BEGIN Extracted records
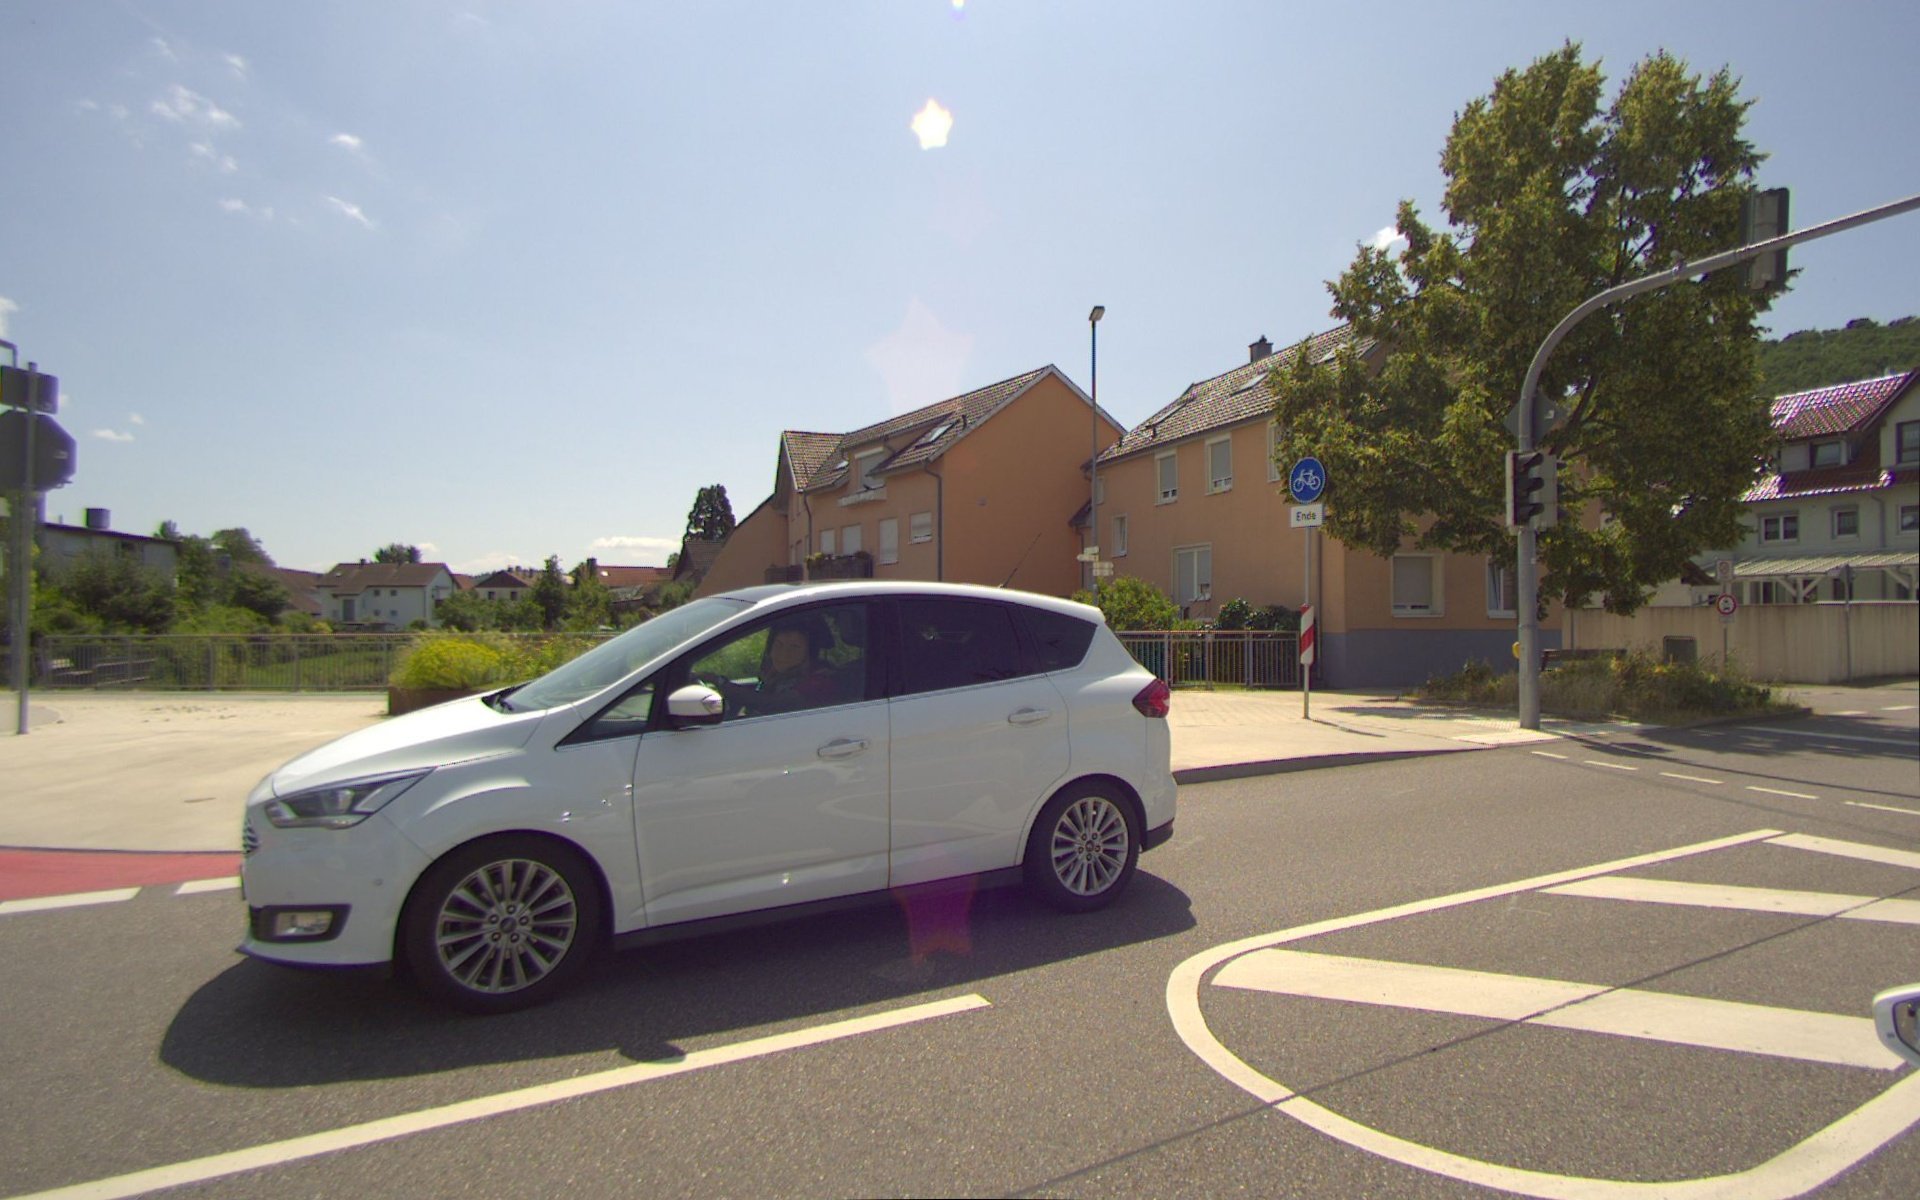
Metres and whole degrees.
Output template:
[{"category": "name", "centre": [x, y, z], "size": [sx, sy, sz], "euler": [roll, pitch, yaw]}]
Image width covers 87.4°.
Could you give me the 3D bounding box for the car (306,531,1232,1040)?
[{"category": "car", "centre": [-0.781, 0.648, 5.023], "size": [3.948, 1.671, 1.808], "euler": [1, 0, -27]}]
END Extracted records
How to complete this task: Skipping every picture, reproduce the records word for word.

Solution for this exercise:
Metres and whole degrees.
Output template:
[{"category": "name", "centre": [x, y, z], "size": [sx, sy, sz], "euler": [roll, pitch, yaw]}]
Image width covers 87.4°.
Could you give me the 3D bounding box for the car (306,531,1232,1040)?
[{"category": "car", "centre": [-0.781, 0.648, 5.023], "size": [3.948, 1.671, 1.808], "euler": [1, 0, -27]}]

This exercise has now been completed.